__ASSIGNED TASK__: State how many lines in the records below contain the word "prima". Nothing else is needed.

--- SUPPLIED DATA Enclosed Below ---

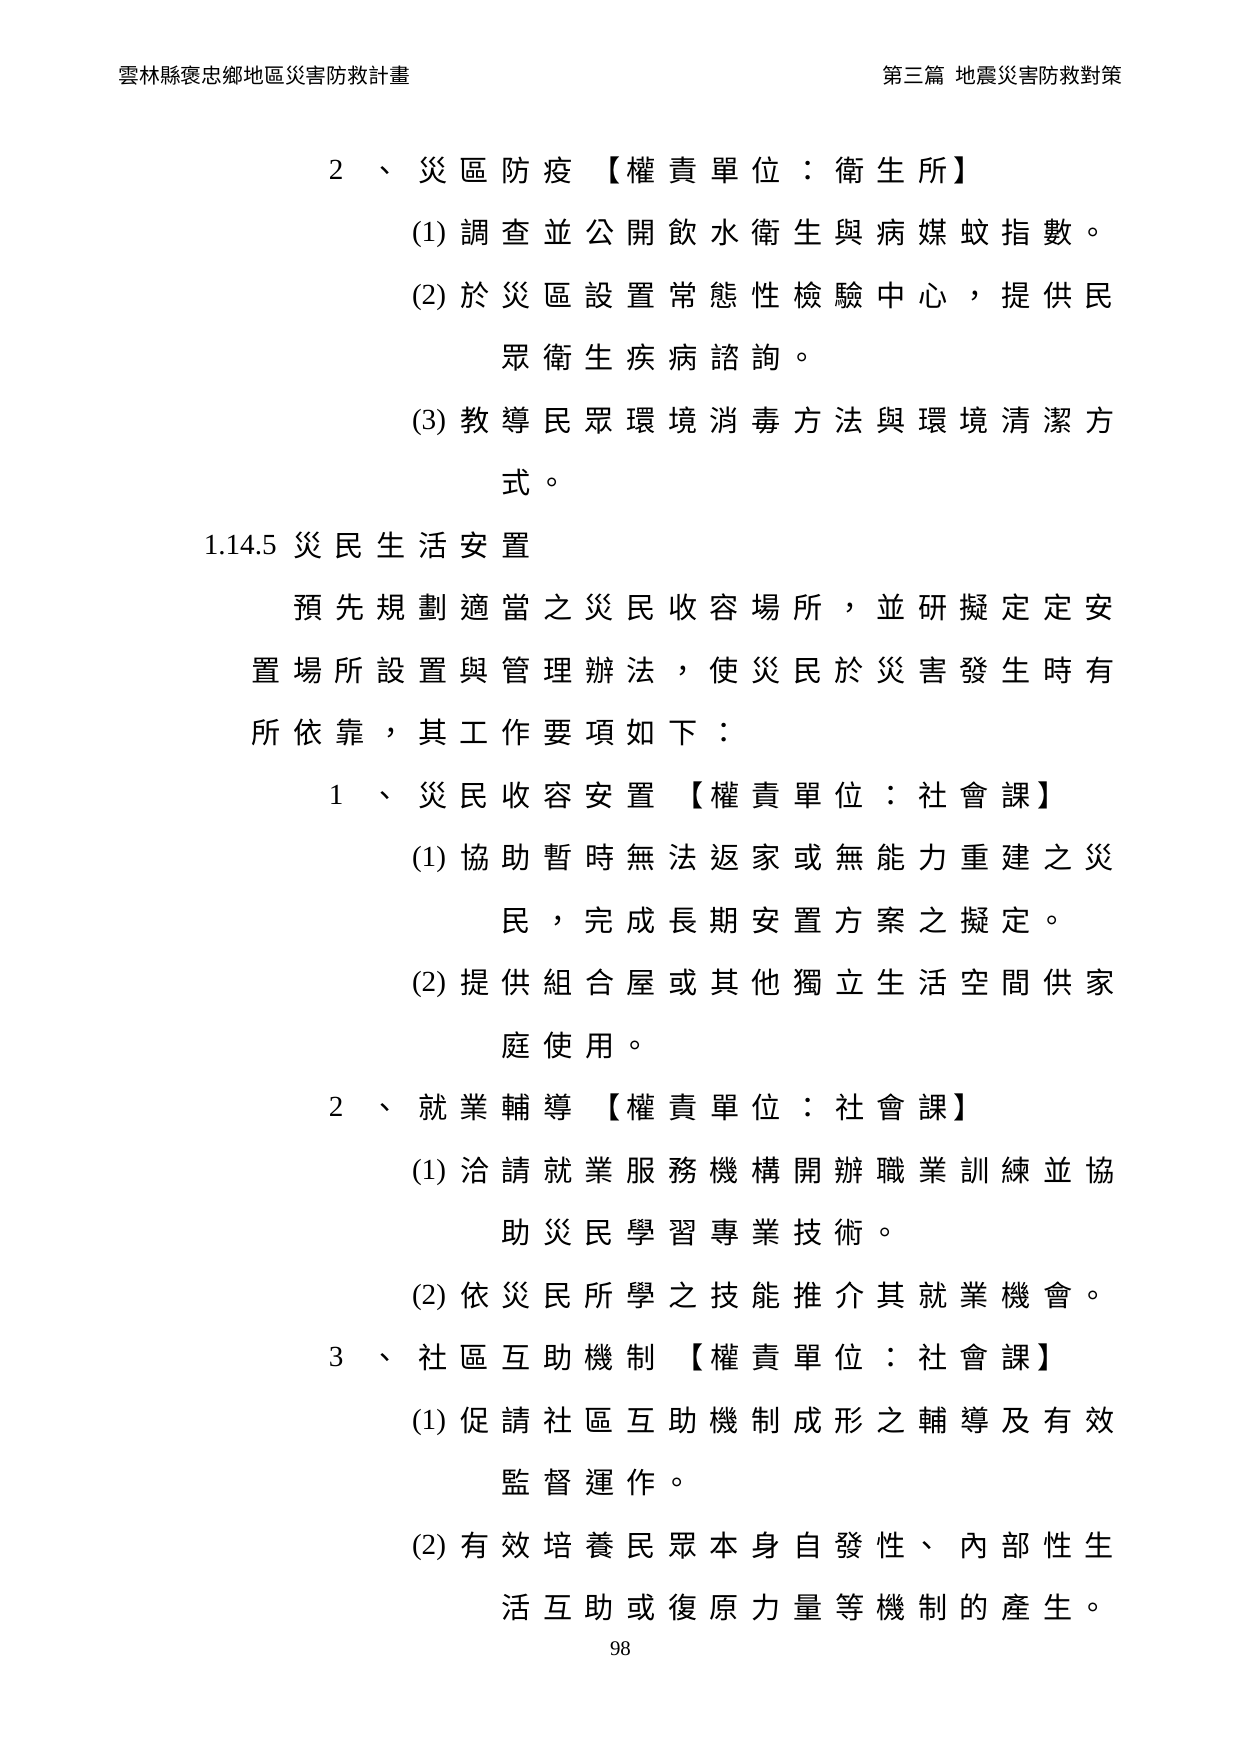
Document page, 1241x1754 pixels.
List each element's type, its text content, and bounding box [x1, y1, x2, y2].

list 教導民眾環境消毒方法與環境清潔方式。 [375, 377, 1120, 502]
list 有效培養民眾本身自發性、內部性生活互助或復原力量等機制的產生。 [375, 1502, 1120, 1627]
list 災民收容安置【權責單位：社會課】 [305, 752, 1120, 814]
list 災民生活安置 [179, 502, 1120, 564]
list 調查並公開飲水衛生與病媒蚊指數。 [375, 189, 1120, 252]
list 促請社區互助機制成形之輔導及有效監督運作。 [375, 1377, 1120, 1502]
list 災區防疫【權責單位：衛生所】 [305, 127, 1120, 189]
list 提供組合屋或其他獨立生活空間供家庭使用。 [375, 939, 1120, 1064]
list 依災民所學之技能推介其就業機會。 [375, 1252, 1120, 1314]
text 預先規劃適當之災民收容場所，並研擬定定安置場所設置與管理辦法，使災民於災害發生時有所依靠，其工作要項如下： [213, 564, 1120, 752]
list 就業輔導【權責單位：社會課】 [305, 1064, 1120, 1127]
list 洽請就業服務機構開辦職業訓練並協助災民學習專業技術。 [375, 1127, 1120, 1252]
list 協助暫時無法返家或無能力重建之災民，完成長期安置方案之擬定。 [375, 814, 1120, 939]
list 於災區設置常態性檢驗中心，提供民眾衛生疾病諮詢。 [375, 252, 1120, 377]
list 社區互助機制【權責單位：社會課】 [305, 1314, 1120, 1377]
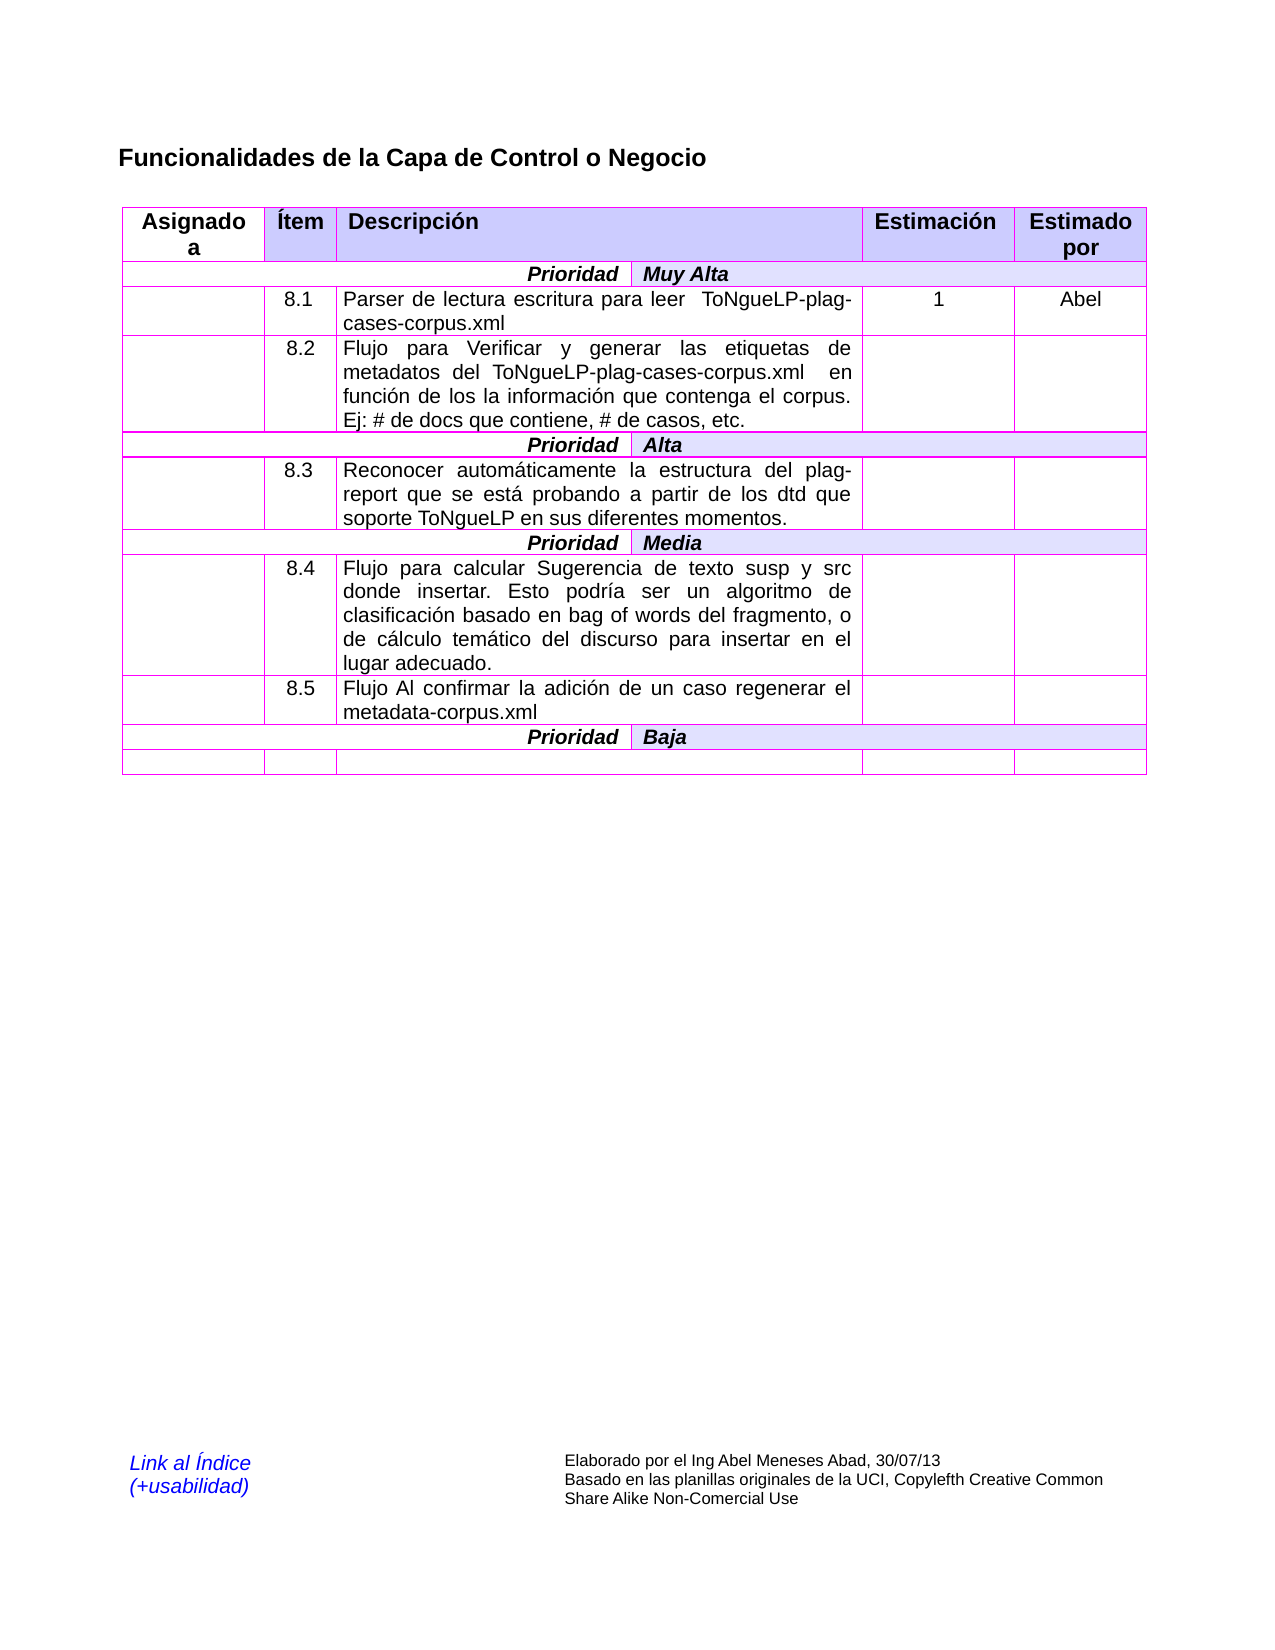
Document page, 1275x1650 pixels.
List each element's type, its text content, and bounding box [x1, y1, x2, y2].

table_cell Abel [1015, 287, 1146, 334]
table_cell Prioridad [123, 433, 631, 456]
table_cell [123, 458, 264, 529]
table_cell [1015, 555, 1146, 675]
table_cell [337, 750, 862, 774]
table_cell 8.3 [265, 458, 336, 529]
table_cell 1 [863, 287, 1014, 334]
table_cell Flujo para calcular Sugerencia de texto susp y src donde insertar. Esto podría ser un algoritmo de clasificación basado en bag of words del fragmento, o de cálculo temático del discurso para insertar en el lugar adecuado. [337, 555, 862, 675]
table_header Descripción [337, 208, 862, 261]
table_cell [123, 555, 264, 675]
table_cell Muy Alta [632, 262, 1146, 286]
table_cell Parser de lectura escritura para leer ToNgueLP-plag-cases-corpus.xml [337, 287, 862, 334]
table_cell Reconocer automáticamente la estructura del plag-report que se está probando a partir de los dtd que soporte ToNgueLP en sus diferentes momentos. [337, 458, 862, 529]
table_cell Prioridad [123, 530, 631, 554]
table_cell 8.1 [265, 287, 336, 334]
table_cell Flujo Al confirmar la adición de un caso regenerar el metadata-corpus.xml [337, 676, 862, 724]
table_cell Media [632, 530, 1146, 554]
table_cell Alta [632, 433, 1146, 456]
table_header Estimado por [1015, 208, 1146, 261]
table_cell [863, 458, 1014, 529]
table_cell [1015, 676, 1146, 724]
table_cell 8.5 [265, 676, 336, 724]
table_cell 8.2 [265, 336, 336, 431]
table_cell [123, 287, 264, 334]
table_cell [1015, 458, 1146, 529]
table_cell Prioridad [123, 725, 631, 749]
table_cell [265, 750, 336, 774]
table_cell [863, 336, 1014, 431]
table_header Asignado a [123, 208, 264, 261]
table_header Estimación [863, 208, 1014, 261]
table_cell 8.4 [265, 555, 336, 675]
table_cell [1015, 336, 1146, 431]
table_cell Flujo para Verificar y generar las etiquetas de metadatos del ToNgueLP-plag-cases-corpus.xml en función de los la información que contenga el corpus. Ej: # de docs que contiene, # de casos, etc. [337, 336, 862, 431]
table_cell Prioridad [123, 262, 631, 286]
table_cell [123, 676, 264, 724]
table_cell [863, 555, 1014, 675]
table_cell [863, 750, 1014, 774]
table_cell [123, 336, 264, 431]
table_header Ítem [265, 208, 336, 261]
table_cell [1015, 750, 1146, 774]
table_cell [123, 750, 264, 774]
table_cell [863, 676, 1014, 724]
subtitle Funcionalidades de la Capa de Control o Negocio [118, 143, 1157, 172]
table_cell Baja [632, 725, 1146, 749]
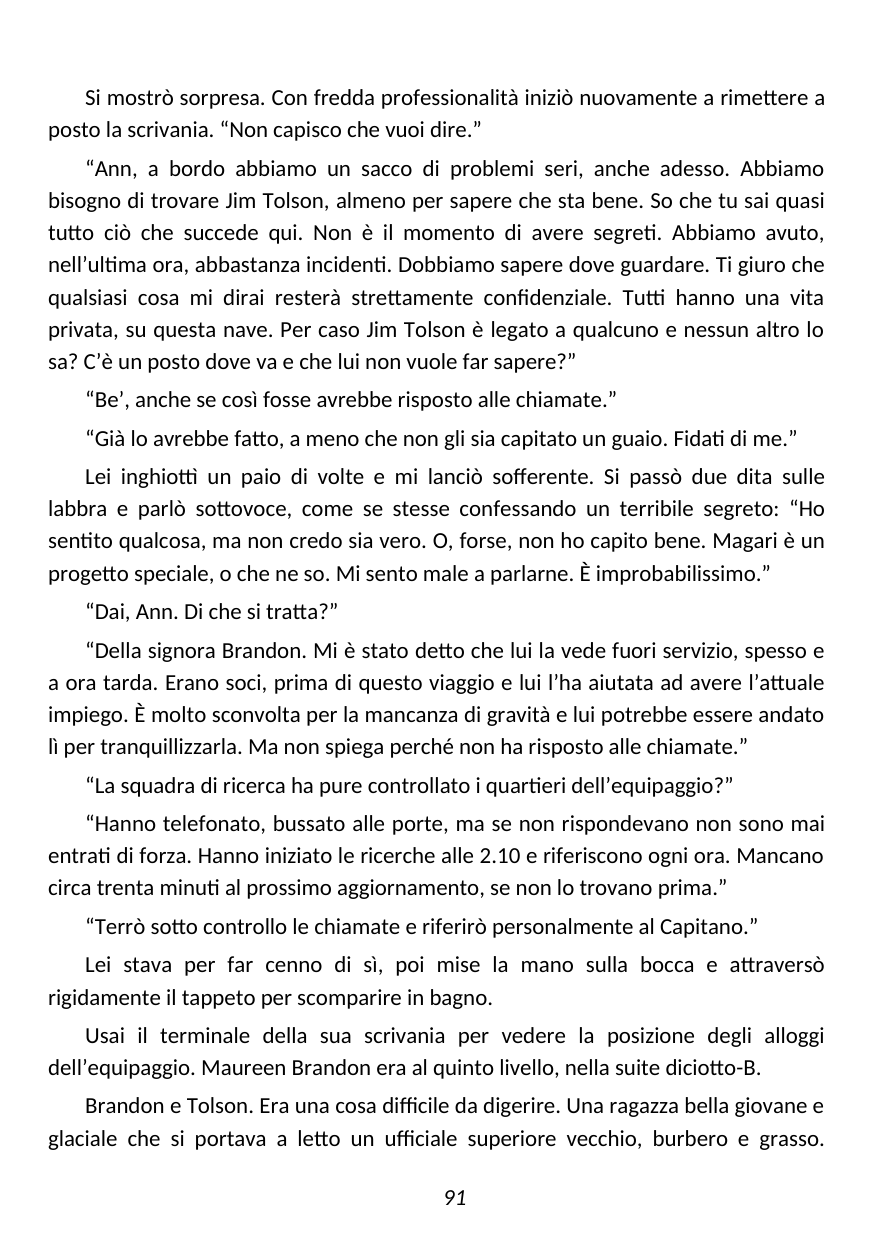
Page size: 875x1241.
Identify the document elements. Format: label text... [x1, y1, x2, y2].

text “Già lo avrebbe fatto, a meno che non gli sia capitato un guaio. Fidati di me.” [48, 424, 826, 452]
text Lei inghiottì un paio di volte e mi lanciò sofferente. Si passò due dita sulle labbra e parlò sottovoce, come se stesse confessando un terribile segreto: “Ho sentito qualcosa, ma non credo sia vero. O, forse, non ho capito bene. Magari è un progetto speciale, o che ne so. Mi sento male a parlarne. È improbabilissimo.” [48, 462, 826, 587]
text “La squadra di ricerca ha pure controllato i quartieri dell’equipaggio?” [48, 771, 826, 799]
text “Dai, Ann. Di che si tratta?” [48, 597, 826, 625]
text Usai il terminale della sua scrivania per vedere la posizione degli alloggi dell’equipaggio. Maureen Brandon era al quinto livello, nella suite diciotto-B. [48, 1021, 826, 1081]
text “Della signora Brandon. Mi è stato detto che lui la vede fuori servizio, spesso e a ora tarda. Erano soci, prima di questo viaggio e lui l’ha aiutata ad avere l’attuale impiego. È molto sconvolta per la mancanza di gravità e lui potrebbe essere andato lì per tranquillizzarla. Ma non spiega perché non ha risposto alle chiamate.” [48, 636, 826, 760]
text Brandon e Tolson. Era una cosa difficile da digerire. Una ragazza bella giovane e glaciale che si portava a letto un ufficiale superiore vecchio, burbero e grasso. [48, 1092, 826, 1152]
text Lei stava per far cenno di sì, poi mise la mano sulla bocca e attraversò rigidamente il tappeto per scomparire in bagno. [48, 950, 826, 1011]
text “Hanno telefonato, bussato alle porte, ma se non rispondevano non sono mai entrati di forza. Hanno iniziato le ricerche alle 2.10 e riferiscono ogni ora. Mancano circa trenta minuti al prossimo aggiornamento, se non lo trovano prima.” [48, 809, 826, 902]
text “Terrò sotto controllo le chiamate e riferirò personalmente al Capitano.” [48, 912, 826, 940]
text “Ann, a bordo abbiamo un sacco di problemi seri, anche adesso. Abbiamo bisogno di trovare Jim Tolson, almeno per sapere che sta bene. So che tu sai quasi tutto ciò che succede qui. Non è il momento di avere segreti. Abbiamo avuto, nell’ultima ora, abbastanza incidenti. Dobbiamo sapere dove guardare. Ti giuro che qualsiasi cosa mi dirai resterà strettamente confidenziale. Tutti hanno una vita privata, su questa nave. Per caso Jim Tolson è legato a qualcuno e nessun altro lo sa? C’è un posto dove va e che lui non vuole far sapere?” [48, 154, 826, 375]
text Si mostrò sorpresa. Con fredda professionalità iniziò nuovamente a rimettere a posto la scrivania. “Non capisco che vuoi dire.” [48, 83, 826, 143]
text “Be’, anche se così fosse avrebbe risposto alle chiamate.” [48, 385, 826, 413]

--- End of Enclosed SUPPLIED DATA ---

__EXERCISE SOLUTION__: 2